Recuando no tempo até Sócrates, quando este ensina e instrói nos terreiros e praças públicas, lança as sementes da maioridade terrestre, o formoso ideal da fraternidade e da prática do bem.

De regresso ao pensamento próprio, e se numa citação nos fosse pedida a definição de fraternidade, hoje caracterizá-la-ia como sendo um laço de união entre os homens, onde se desenvolvem sentimentos de afeto próprios dos irmãos de sangue, inteiramente fundada no respeito pela dignidade da pessoa humana, na sua liberdade e na igualdade de direitos; estas palavras não nos são, nem deveriam ser, estranhas a nós, Maçons.

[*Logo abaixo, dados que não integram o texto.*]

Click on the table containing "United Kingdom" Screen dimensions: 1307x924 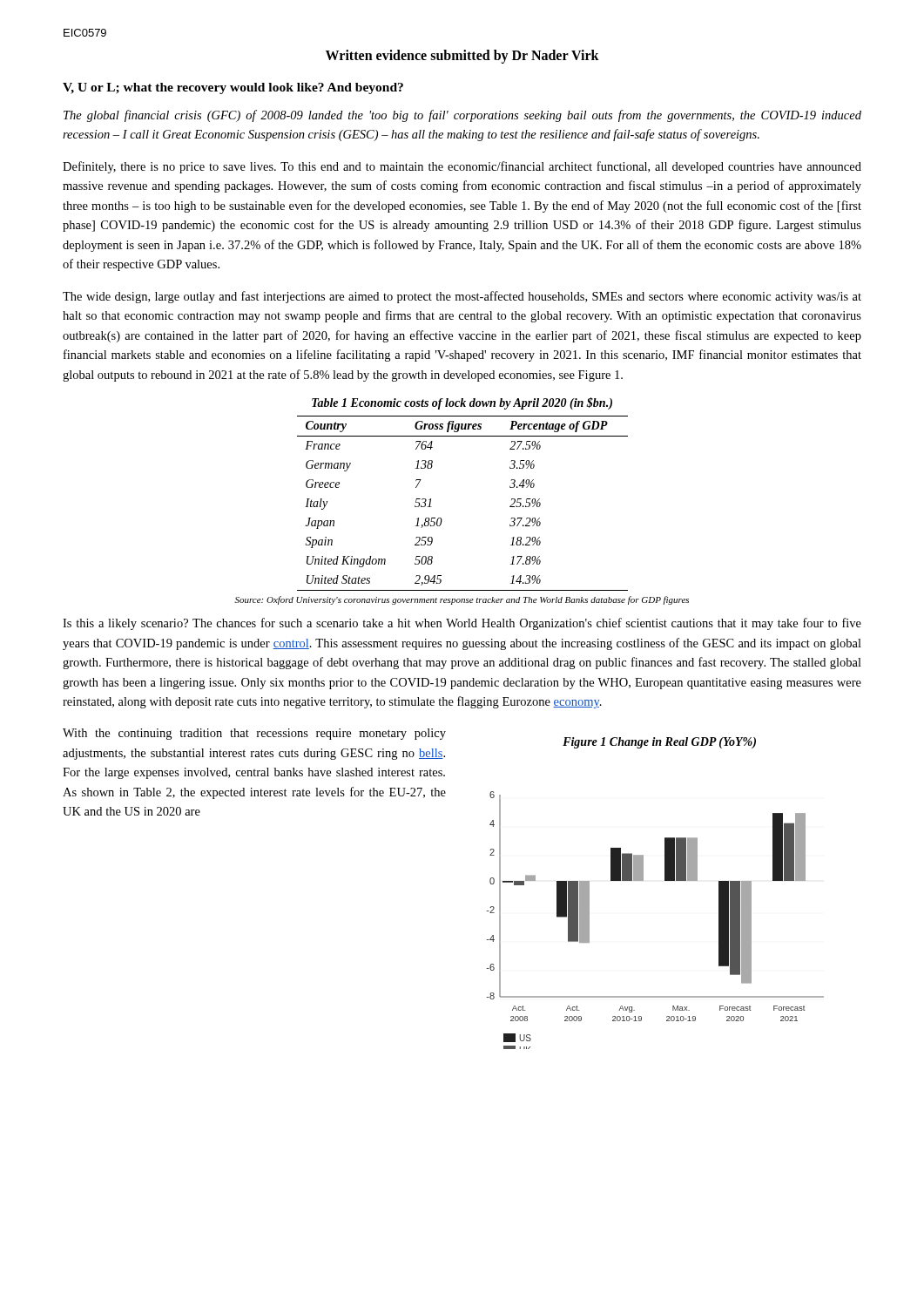click(x=462, y=503)
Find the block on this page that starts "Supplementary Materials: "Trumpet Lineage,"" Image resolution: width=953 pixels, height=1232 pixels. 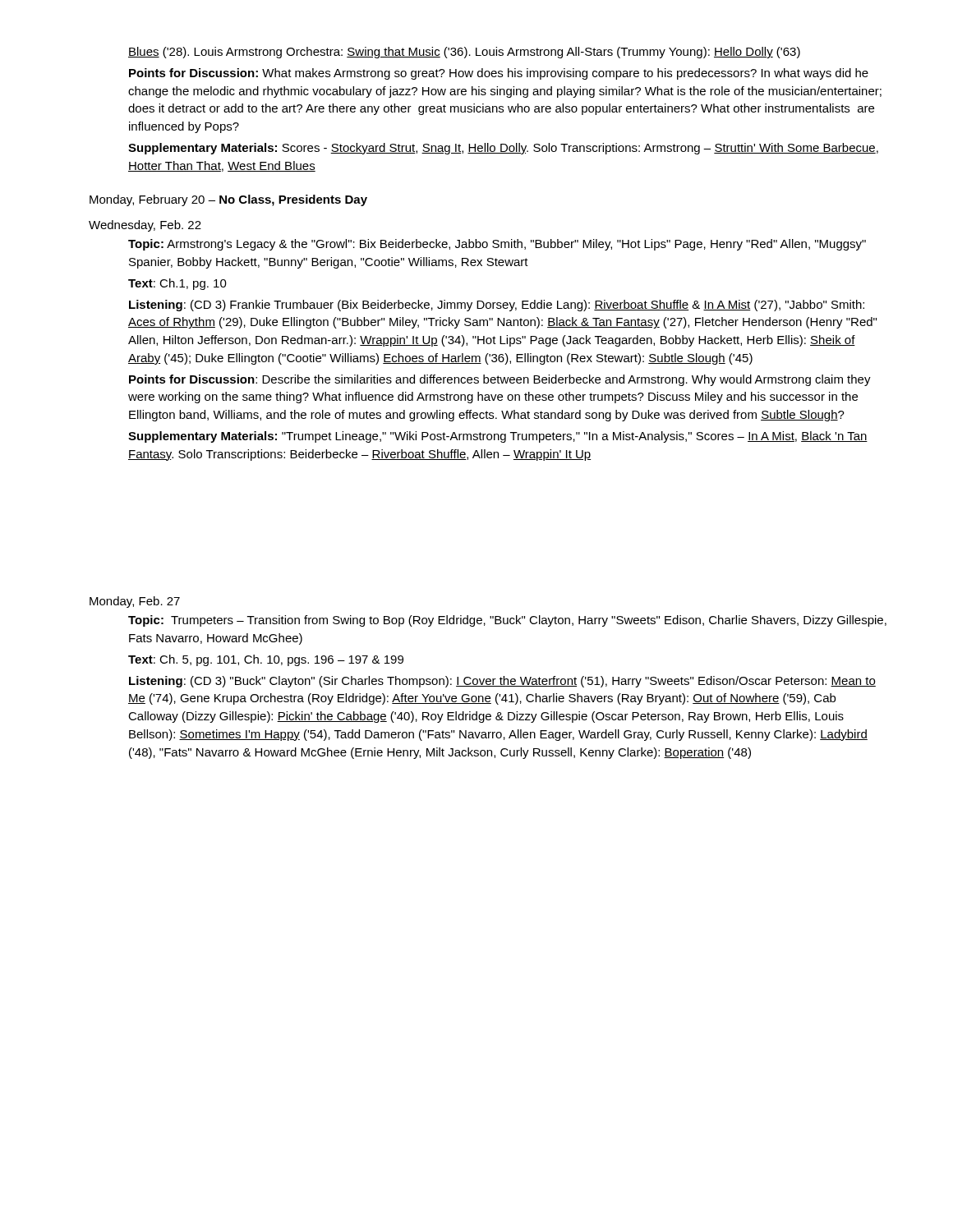[x=508, y=445]

Mas em boa verdade, nada mais me resta do que remeter-me ao ridículo da minha insignificante existência e interiorizar que tudo isto não passam de meras palavras; vãs e inúteis palavras. A fraternidade não se define com prosas, não se ensina com vocábulos, não rompe a existência só por simples vontade de querer; a fraternidade funda-se na dor das emoções, inspira-se na alegria dos momentos, realiza-se no íntimo do espírito e manifesta-se no altruísmo desprendido dos nossos gestos, algemando-nos como se fossemos elos de uma inquebrável cadeia que nos une como irmãos.

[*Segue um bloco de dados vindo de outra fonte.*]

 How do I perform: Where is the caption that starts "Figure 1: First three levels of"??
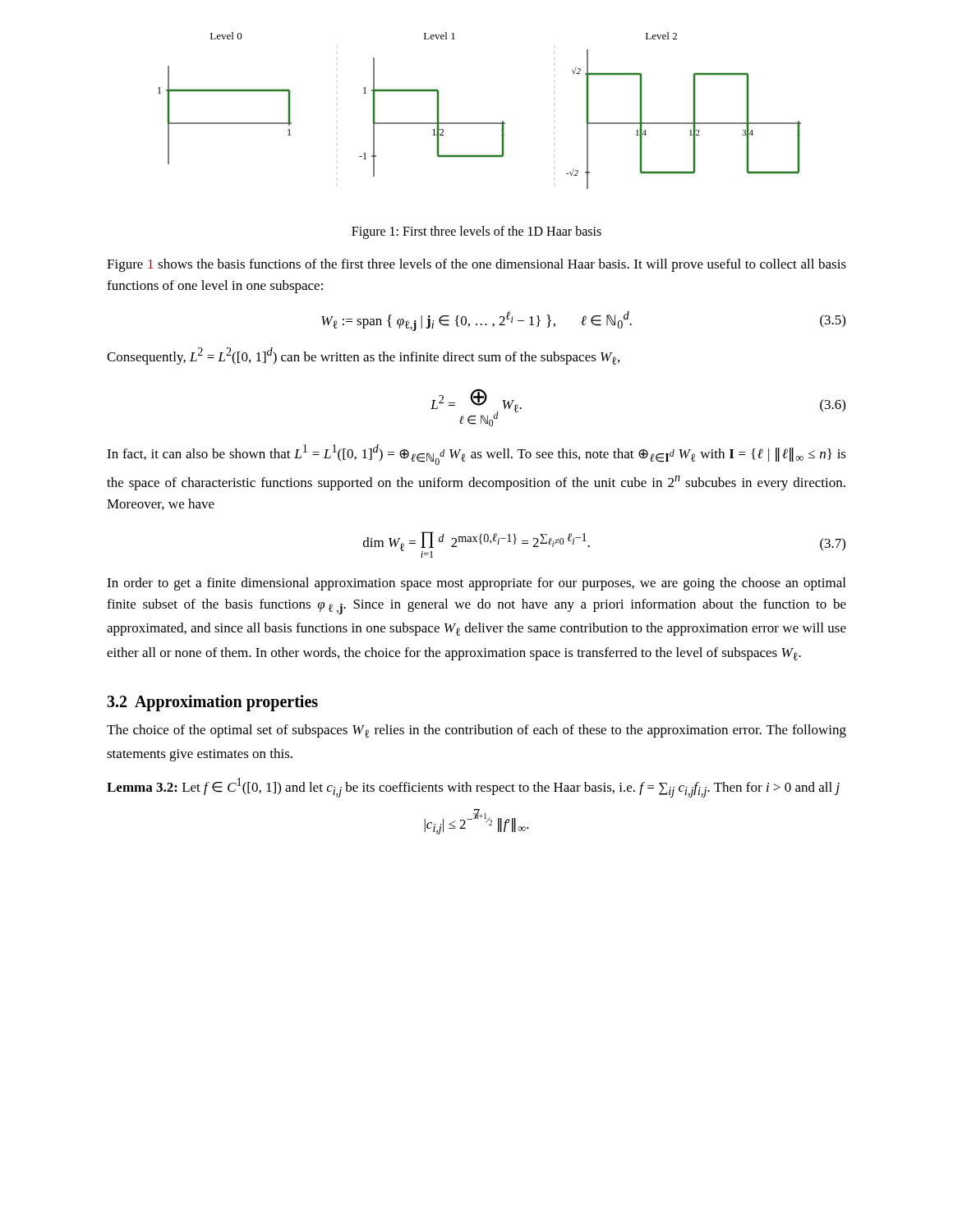476,231

E esta alegoria simbólica à Cadeia de União diz-nos que somos muito mais do que carregadores de paramentos, anéis, luvas e símbolos; somos os filhos da viúva, os descendentes da luz, os eternos aprendizes; temos e mantemos vivo nas nossas mentes esta condição, este estado que é permanente e que constitui o nosso próprio ser, como ser fraterno.

A fraternidade inspira viagens por prosa e versos de poetas e escritores, é por isso apropriado concluir com uma estrofe do poema "A Passagem das Horas" de Álvaro de Campos.


Torna-me humano, ó noite, torna-me fraterno e solícito. 
Só humanitariamente é que se pode viver. 
Só amando os homens, as ações, a banalidade dos trabalhos, 
Só assim, ai de mim! Só assim se pode viver. 
Só assim, ó noite, e eu nunca poderei ser assim!